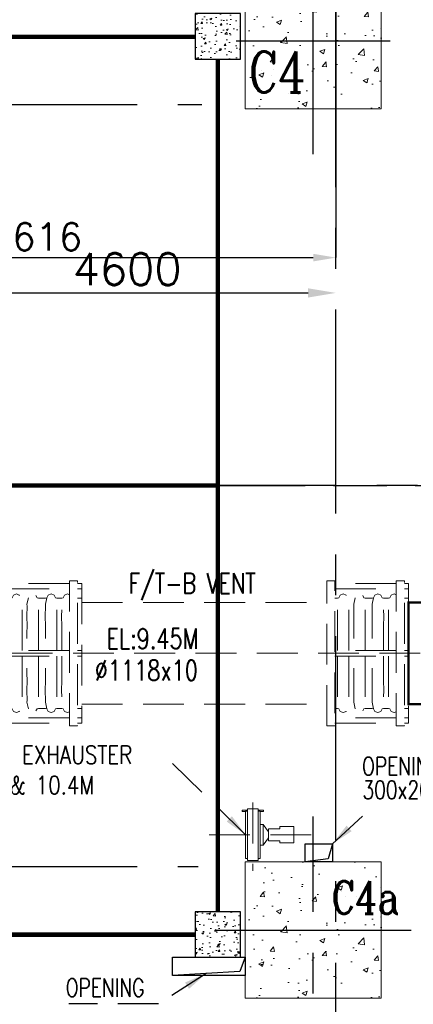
# Model space of a CAD drawing. Header units: inches. Extents: x 0 to 1544102, y 0 to 23144100.
# Tile 25 of 203: x 102353 to 106689, y 119366 to 130218. Entities that reach past the tile are written whole.
import ezdxf

# ---------------------------------------------------------------- set-up
doc = ezdxf.new("R2010")
doc.units = ezdxf.units.IN
doc.header["$LTSCALE"] = 1800
doc.header["$MEASUREMENT"] = 0
doc.linetypes.add('CENTER', pattern=[2, 1.25, -0.25, 0.25, -0.25])
doc.linetypes.add('HIDDEN', pattern=[0.375, 0.25, -0.125])
doc.layers.get('0').update_dxf_attribs({"color": 253})
for name, color, linetype in [('CEN', 2, 'CENTER'), ('COL', 1, 'Continuous'), ('GRID', 251, 'CENTER'), ('OPENING', 40, 'Continuous'), ('STEEL', 231, 'Continuous')]:
    doc.layers.add(name, color=color, linetype=linetype)
for name, color, linetype, lineweight in [('CONCRETE', 145, 'Continuous', 15), ('DIM', 4, 'Continuous', 18), ('EQPT', 8, 'HIDDEN', 9), ('EQUIP', 8, 'Continuous', 9), ('HATCH-1', 252, 'Continuous', 9), ('TEXT', 3, 'Continuous', 18)]:
    doc.layers.add(name, color=color, linetype=linetype, lineweight=lineweight)
doc.styles.add('ROMANC', font='ROMANC.SHX')
doc.styles.add('ROMANS', font='romans.shx')
doc.dimstyles.new('STANDARD1', dxfattribs={"dimtxt": 300, "dimasz": 250, "dimexe": 0, "dimexo": 0, "dimgap": 80, "dimtad": 1, "dimdec": 0, "dimzin": 0, "dimdsep": 46, "dimtxsty": 'ROMANS', "dimcen": 0, "dimclrd": 4, "dimclre": 4, "dimclrt": 4, "dimadec": 0, "dimazin": 0, "dimtfac": 0.09, "dimtdec": 0, "dimtix": 1, "dimtofl": 0, "dimtmove": 0, "dimatfit": 3, "dimfxl": 1, "dimtolj": 1, "dimtzin": 0, "dimarcsym": 0})
doc.dimstyles.new('USER175', dxfattribs={"dimscale": 175, "dimtxt": 2, "dimasz": 1.75, "dimexe": 0, "dimexo": 0, "dimgap": 0.5, "dimtad": 1, "dimdec": 0, "dimzin": 0, "dimdsep": 46, "dimtxsty": 'ROMANS', "dimcen": 0, "dimclrd": 4, "dimclre": 4, "dimclrt": 4, "dimadec": 0, "dimazin": 0, "dimtfac": 0.09, "dimtdec": 0, "dimtix": 1, "dimtofl": 0, "dimtmove": 0, "dimatfit": 3, "dimfxl": 1, "dimtolj": 1, "dimtzin": 0, "dimarcsym": 0})
pattern_1 = [(50, (-125855.24, -26628.59), (215.17805, -18.82564), [22.5, -247.5]), (355, (-125855.24, -26628.6), (-41.6254, 225.65764), [18, -198]), (100.4514, (-125837.3, -26630.16), (173.5528, 206.83186), [19.12206, -210.34263]), (46.1842, (-125855.24, -26568.6), (320.1723, -49.6557), [33.75, -371.25]), (96.6356, (-125828.55, -26572.73), (280.3988, 292.2354), [28.6831, -315.5139]), (351.1842, (-125855.24, -26568.6), (280.3986, 292.2356), [27, -297]), (21, (-125825.24, -26583.59), (179.07212, -120.78567), [22.5, -247.5]), (326, (-125825.24, -26583.6), (72.9946, 217.545), [18, -198]), (71.4514, (-125810.31, -26593.66), (252.0668, 96.75915), [19.12206, -210.34263]), (37.5, (-125855.235, -26628.59), (3.647957, 99.868156), [0, -195.6, 0, -201, 0, -198.75]), (7.5, (-125855.24, -26628.59), (78.92086, 118.32351), [0, -114.6, 0, -191.1, 0, -75.75]), (327.5, (-125922.135, -26628.59), (160.14673, -6.76646), [0, -75, 0, -234, 0, -310.5]), (317.5, (-125952.14, -26628.59), (174.95585, 30.0315), [0, -97.5, 0, -155.4, 0, -220.5])]

# ---------------------------------------------------------------- blocks, each defined once
blk = doc.blocks.new('TG DECK COLUMNS & OUTLINE')
at = {"layer": 'HATCH-1'}
h = blk.add_hatch(dxfattribs=at)
h.set_pattern_fill('AR-CONC', color=256, scale=80, style=0)
h.set_pattern_definition([(50, (250558.08, 69664.8), (573.808, -50.202), [60, -660]), (355, (250558.1, 69664.8), (-111, 601.754), [48, -528]), (100.4514, (250605.9, 69660.6), (462.808, 551.55), [50.992, -560.914]), (46.184, (250558.1, 69824.8), (853.79, -132.415), [90, -990]), (96.636, (250629.2, 69813.8), (747.73, 779.294), [76.49, -841.37]), (351.184, (250558.1, 69824.8), (747.73, 779.295), [72, -792]), (21, (250638.08, 69784.8), (477.526, -322.095), [60, -660]), (326, (250638.1, 69784.8), (194.652, 580.12), [48, -528]), (71.4514, (250677.87, 69757.97), (672.178, 258.024), [50.992, -560.914]), (37.5, (250558.08, 69664.8), (9.728, 266.315), [0, -521.6, 0, -536, 0, -530]), (7.5, (250558.08, 69664.8), (210.456, 315.529), [0, -305.6, 0, -509.6, 0, -202]), (327.5, (250379.68, 69664.8), (427.058, -18.044), [0, -200, 0, -624, 0, -828]), (317.5, (250299.68, 69664.8), (466.549, 80.084), [0, -260, 0, -414.4, 0, -588])])
h.paths.add_polyline_path([(244683, 73815), (246183, 73815), (246183, 75315), (244683, 75315)])
h = blk.add_hatch(dxfattribs=at)
h.set_pattern_fill('AR-CONC', color=256, scale=80, style=0)
h.set_pattern_definition([(50, (250558.08, 59864.8), (573.808, -50.202), [60, -660]), (355, (250558.1, 59864.8), (-111, 601.754), [48, -528]), (100.4514, (250605.9, 59860.6), (462.808, 551.55), [50.992, -560.914]), (46.184, (250558.1, 60024.8), (853.79, -132.415), [90, -990]), (96.636, (250629.2, 60013.8), (747.73, 779.294), [76.49, -841.37]), (351.184, (250558.1, 60024.8), (747.73, 779.295), [72, -792]), (21, (250638.08, 59984.8), (477.526, -322.095), [60, -660]), (326, (250638.1, 59984.8), (194.652, 580.12), [48, -528]), (71.4514, (250677.87, 59957.97), (672.178, 258.024), [50.992, -560.914]), (37.5, (250558.08, 59864.8), (9.728, 266.315), [0, -521.6, 0, -536, 0, -530]), (7.5, (250558.08, 59864.8), (210.456, 315.529), [0, -305.6, 0, -509.6, 0, -202]), (327.5, (250379.68, 59864.8), (427.058, -18.044), [0, -200, 0, -624, 0, -828]), (317.5, (250299.68, 59864.8), (466.549, 80.084), [0, -260, 0, -414.4, 0, -588])])
h.paths.add_polyline_path([(244683, 64015), (246183, 64015), (246183, 65515), (244683, 65515)])
at = {"layer": 'CEN'}
for p, q in [((245433, 73315), (245433, 77965)), ((244584, 74565), (246282, 74565)), ((244753, 74565), (246113, 74565)), ((226842, 73865), (244205, 73865)), ((226842, 73865), (244205, 73865)), ((245433, 61365), (245433, 66015)), ((226842, 65465), (244167, 65465)), ((244352, 64765), (246514, 64765))]:
    blk.add_line(p, q, dxfattribs=at)
at = {"layer": 'CONCRETE'}
for points in [[(244683, 73815), (246183, 73815), (246183, 75315), (244683, 75315)], [(244683, 64015), (246183, 64015), (246183, 65515), (244683, 65515)]]:
    blk.add_lwpolyline(points, close=True, dxfattribs=at)
at = {"layer": 'TEXT', "style": 'ROMANC', "width": 0.8}
for s, height, p in [('C4', 450, (244721, 73996)), ('C4a', 360, (245636, 64944))]:
    blk.add_text(s, height=height, dxfattribs=at).set_placement(p)
blk = doc.blocks.new('PLATFORM BELOW TG DECK AT EL. 5.8M & 8.0M & 8.5M')
at = {"layer": 'HATCH-1'}
h = blk.add_hatch(dxfattribs=at)
h.set_pattern_fill('AR-CONC', color=256, scale=30, style=0)
h.set_pattern_definition(pattern_1)
h.paths.add_polyline_path([(-6800, 4700), (-6300, 4700), (-6300, 5200), (-6800, 5200)])
h = blk.add_hatch(dxfattribs=at)
h.set_pattern_fill('AR-CONC', color=256, scale=30, style=0)
h.set_pattern_definition(pattern_1)
h.paths.add_polyline_path([(-6800, -5200), (-6300, -5200), (-6300, -4700), (-6800, -4700)])
at = {"layer": 'COL'}
for points in [[(-6800, 4700), (-6300, 4700), (-6300, 5200), (-6800, 5200)], [(-6800, -5200), (-6300, -5200), (-6300, -4700), (-6800, -4700)]]:
    blk.add_lwpolyline(points, close=True, dxfattribs=at)
at = {"layer": 'STEEL', "const_width": 50}
for points in [[(-13600, 4945), (-6800, 4945)], [(-6550, 4700), (-6550, -4700)], [(-13600, 0), (-6525, 0)], [(-6800, -4950), (-13600, -4950)]]:
    blk.add_lwpolyline(points, dxfattribs=at)
blk = doc.blocks.new('HPDFT VENT ME BELLOW (900MM)')
for p, q in [((0, 770), (0, -770)), ((-45, -609), (0, -609)), ((-810, -800), (-900, -800))]:
    blk.add_line(p, q)
at = {"flags": 128}
for points in [[(-900, -800), (-900, 800), (-810, 800), (-810, -800)], [(-135, 770), (-810, 770)], [(-45, -800), (-135, -800), (-135, 800), (-45, 800), (-45, -800)], [(-45, 710), (0, 710), (0, 770), (-45, 770)], [(-810, 710), (-135, 710)], [(-135, 645), (-158, 654), (-190, 642), (-206, 611), (-220, 609), (-275, 609), (-289, 611), (-305, 642), (-338, 654), (-370, 642), (-386, 611), (-400, 609), (-478, 609), (-492, 611), (-508, 642), (-540, 654), (-572, 642), (-588, 611), (-602, 609), (-658, 609), (-672, 611), (-688, 642), (-720, 654), (-752, 642), (-768, 611), (-782, 609), (-810, 609)], [(0, 710), (0, 594)], [(-783, 30), (-784, 224), (-782, 300), (-784, 410), (-782, 520), (-784, 540), (-768, 611)], [(-658, 30), (-656, 224), (-658, 300), (-656, 410), (-658, 520), (-656, 540), (-672, 611)], [(-588, 611), (-604, 540), (-602, 520), (-604, 410), (-602, 300), (-604, 224), (-603, 30)], [(-478, 30), (-476, 224), (-478, 300), (-476, 410), (-478, 520), (-476, 540), (-492, 611)], [(-386, 611), (-401, 540), (-399, 520), (-402, 410), (-399, 300), (-401, 224), (-400, 30)], [(-275, 30), (-274, 224), (-276, 300), (-273, 410), (-276, 520), (-274, 540), (-289, 611)], [(-220, 30), (-221, 224), (-219, 300), (-222, 410), (-219, 520), (-221, 540), (-206, 611)], [(-45, 609), (0, 609)], [(-135, 30), (-810, 30)], [(-45, -30), (0, -30), (0, 30), (-45, 30)], [(-810, -30), (-135, -30)], [(-783, -30), (-784, -224), (-782, -300), (-784, -410), (-782, -520), (-784, -540), (-768, -611)], [(-658, -30), (-656, -224), (-658, -300), (-656, -410), (-658, -520), (-656, -540), (-672, -611)], [(-588, -611), (-604, -540), (-602, -520), (-604, -410), (-602, -300), (-604, -224), (-603, -30)], [(-478, -30), (-476, -224), (-478, -300), (-476, -410), (-478, -520), (-476, -540), (-492, -611)], [(-386, -611), (-401, -540), (-399, -520), (-402, -410), (-399, -300), (-401, -224), (-400, -30)], [(-275, -30), (-274, -224), (-276, -300), (-273, -410), (-276, -520), (-274, -540), (-289, -611)], [(-220, -30), (-221, -224), (-219, -300), (-222, -410), (-219, -520), (-221, -540), (-206, -611)], [(-135, -645), (-158, -654), (-190, -642), (-206, -611), (-220, -609), (-275, -609), (-289, -611), (-305, -642), (-338, -654), (-370, -642), (-386, -611), (-400, -609), (-478, -609), (-492, -611), (-508, -642), (-540, -654), (-572, -642), (-588, -611), (-602, -609), (-658, -609), (-672, -611), (-688, -642), (-720, -654), (-752, -642), (-768, -611), (-782, -609), (-810, -609)], [(-135, -710), (-810, -710)], [(-45, -770), (0, -770), (0, -710), (-45, -710)], [(-810, -770), (-135, -770)]]:
    blk.add_lwpolyline(points, dxfattribs=at)
blk = doc.blocks.new('FLASH TANK VENT PIPING ARCH-R0')
at = {"layer": 'EQPT'}
for p, q in [((-8050, -1291), (-5350, -1291)), ((-10846, -1850), (-3747, -1850)), ((-8050, -2409), (-5350, -2409))]:
    blk.add_line(p, q, dxfattribs=at)
at = {"layer": 'EQPT', "const_width": 25}
blk.add_lwpolyline([(-3649, -2409), (-4450, -2409), (-4450, -1291), (-3649, -1291)], dxfattribs=at)
at = {"layer": 'EQPT'}
for p in [(-8050, -1850), (-4450, -1850)]:
    blk.add_blockref('HPDFT VENT ME BELLOW (900MM)', p, dxfattribs=at)
at = {"layer": 'TEXT', "style": 'ROMANS', "width": 0.75}
for s, p in [('F/T-B VENT', (-7535, -1190)), ('EL:9.45M', (-7778, -1800)), ('%%C1118x10', (-7906, -2150))]:
    blk.add_text(s, height=225, dxfattribs=at).set_placement(p)
blk = doc.blocks.new('*D211')
at = {"layer": 'DIM', "color": 4, "lineweight": -2, "transparency": 16777216}
for p, q in [((105836, 131169), (105836, 127596)), ((99220, 127286), (99220, 127596)), ((99470, 127596), (105586, 127596))]:
    blk.add_line(p, q, dxfattribs=at)
at = {"layer": 'DIM', "color": 4, "transparency": 16777216}
for points in [[(99470, 127638), (99470, 127554), (99220, 127596)], [(105586, 127638), (105586, 127554), (105836, 127596)]]:
    blk.add_solid(points, dxfattribs=at)
at = {"layer": 'DIM', "color": 4, "transparency": 16777216, "insert": (102528, 127826), "char_height": 300, "attachment_point": 5, "style": 'ROMANS'}
blk.add_mtext('\\A1;6616', dxfattribs=at)
blk = doc.blocks.new('AUX COLUMNS')
at = {"layer": 'GRID'}
blk.add_line((-136838, 59915), (-243038, 59915), dxfattribs=at)
blk = doc.blocks.new('cond')
at = {"layer": 'CEN'}
blk.add_line((-7840, 0), (7840, 0), dxfattribs=at)
blk = doc.blocks.new('A$C67821B7B ARCH-R0')
at = {"layer": 'CEN'}
blk.add_line((-7977, 0), (13334, 0), dxfattribs=at)
blk = doc.blocks.new('*D327')
at = {"color": 4, "lineweight": -2, "transparency": 16777216}
for p, q in [((101236, 123854), (101236, 127207)), ((101542, 127207), (105530, 127207))]:
    blk.add_line(p, q, dxfattribs=at)
at = {"color": 4, "transparency": 16777216}
for points in [[(101542, 127258), (101542, 127156), (101236, 127207)], [(105530, 127258), (105530, 127156), (105836, 127207)]]:
    blk.add_solid(points, dxfattribs=at)
at = {"color": 4, "transparency": 16777216, "insert": (103536, 127469), "char_height": 350, "attachment_point": 5, "style": 'ROMANS'}
blk.add_mtext('\\A1;4600', dxfattribs=at)
blk = doc.blocks.new('GENERATOR AUX. EQUIPMENTS')
at = {"layer": 'EQPT', "linetype": 'Continuous'}
for p, q in [((-6225, -3580), (-6282, -3580)), ((-6282, -3580), (-6282, -3592)), ((-6105, -3565), (-6225, -3565)), ((-6225, -4135), (-6225, -3565)), ((-6105, -4135), (-6105, -3565)), ((-6048, -3580), (-6105, -3580)), ((-6048, -3592), (-6048, -3580)), ((-6245, -3592), (-6282, -3592)), ((-6225, -3590), (-6245, -3590)), ((-6245, -4110), (-6245, -3590)), ((-6085, -3590), (-6105, -3590)), ((-6085, -4110), (-6085, -3590)), ((-6048, -3592), (-6085, -3592)), ((-6052, -3735), (-6085, -3735)), ((-5994, -3816), (-6052, -3735)), ((-6052, -3965), (-6052, -3735)), ((-5994, -3915), (-5994, -3785)), ((-5869, -3785), (-5994, -3785)), ((-5715, -3760), (-5869, -3760)), ((-5869, -3785), (-5869, -3760)), ((-5715, -3940), (-5715, -3760)), ((-5994, -3884), (-6052, -3965)), ((-6052, -3965), (-6085, -3965)), ((-5869, -3915), (-5994, -3915)), ((-5869, -3940), (-5869, -3915)), ((-5715, -3940), (-5869, -3940)), ((-6225, -4110), (-6245, -4110)), ((-6085, -4110), (-6105, -4110)), ((-6105, -4135), (-6225, -4135))]:
    blk.add_line(p, q, dxfattribs=at)
at = {"layer": 'EQPT'}
for p, q in [((-6165, -3496), (-6165, -4248)), ((-5522, -3850), (-6761, -3850))]:
    blk.add_line(p, q, dxfattribs=at)
at = {"layer": 'OPENING', "ltscale": 0.1}
for p, q in [((-5288, -3950), (-5336, -4116)), ((-5336, -4116), (-5588, -4150)), ((-6250, -5200), (-6308, -5358)), ((-6308, -5358), (-7050, -5400))]:
    blk.add_line(p, q, dxfattribs=at)
for points in [[(-5588, -3950), (-5288, -3950), (-5288, -4150), (-5588, -4150)], [(-7050, -5200), (-6250, -5200), (-6250, -5400), (-7050, -5400)]]:
    blk.add_lwpolyline(points, close=True, dxfattribs=at)
at = {"layer": 'EQPT', "style": 'ROMANS', "width": 0.75}
for s, p in [('OPENING', (-4962, -3194)), ('300x200', (-4956, -3455)), ('OPENING', (-8227, -5635))]:
    blk.add_text(s, height=200, dxfattribs=at).set_placement(p)
at = {"layer": 'EQPT', "insert": (-9654, -2869), "char_height": 200, "width": 2415.98, "attachment_point": 1, "style": 'ROMANS'}
blk.add_mtext('{\\W0.8;VAPOUR EXHAUSTER EL 9.5 & 10.4M}', dxfattribs=at)
at = {"layer": 'EQPT'}
for points in [[(-6245, -3850), (-7177, -2941)], [(-5288, -3950), (-4804, -3500)], [(-6679, -5379), (-7203, -5712), (-8191, -5712)]]:
    blk.add_leader(points, dimstyle='STANDARD1', override={"dimtad": 0, "dimclrd": 256}, dxfattribs=at)

msp = doc.modelspace()

# ---------------------------------------------------------------- linework, layer by layer
at = {"layer": 'GRID'}
msp.add_line((105836.2, 103174.13), (105836.2, 157584.89), dxfattribs=at)

# ---------------------------------------------------------------- block references
for name, p in [('AUX COLUMNS', (267874.01, 65169.86)), ('TG DECK COLUMNS & OUTLINE', (-139846.88, 55420.08)), ('PLATFORM BELOW TG DECK AT EL. 5.8M & 8.0M & 8.5M', (111086.2, 125084.89)), ('FLASH TANK VENT PIPING ARCH-R0', (111086.2, 125084.89)), ('GENERATOR AUX. EQUIPMENTS', (111086.2, 125084.89))]:
    msp.add_blockref(name, p)
at = {"layer": 'EQUIP'}
for name in ['A$C67821B7B ARCH-R0', 'cond']:
    msp.add_blockref(name, (111086.2, 125084.89), dxfattribs=at)

# ---------------------------------------------------------------- dimensions: what is measured, and where the dimension line sits
dim = msp.add_linear_dim(base=(105836.2, 127206.95), p1=(101236.2, 123853.62), p2=(105836.2, 127206.95), dimstyle='USER175')
dim.commit()
dim.dimension.update_dxf_attribs({"geometry": '*D327', "text_midpoint": (103536.2, 127469.45)})
at = {"layer": 'DIM'}
dim = msp.add_linear_dim(base=(105836.2, 127596.01), p1=(99220.2, 127286.08), p2=(105836.2, 131169.3), dimstyle='STANDARD1', dxfattribs=at)
dim.commit()
dim.dimension.update_dxf_attribs({"geometry": '*D211', "text_midpoint": (102528.2, 127826.01)})

doc.saveas('drawing.dxf')
※
Task statement: Search the entries for "units" and show every line that has it.

Written answer:
# Model space of a CAD drawing. Header units: inches. Extents: x 0 to 1544102, y 0 to 23144100.
doc.units = ezdxf.units.IN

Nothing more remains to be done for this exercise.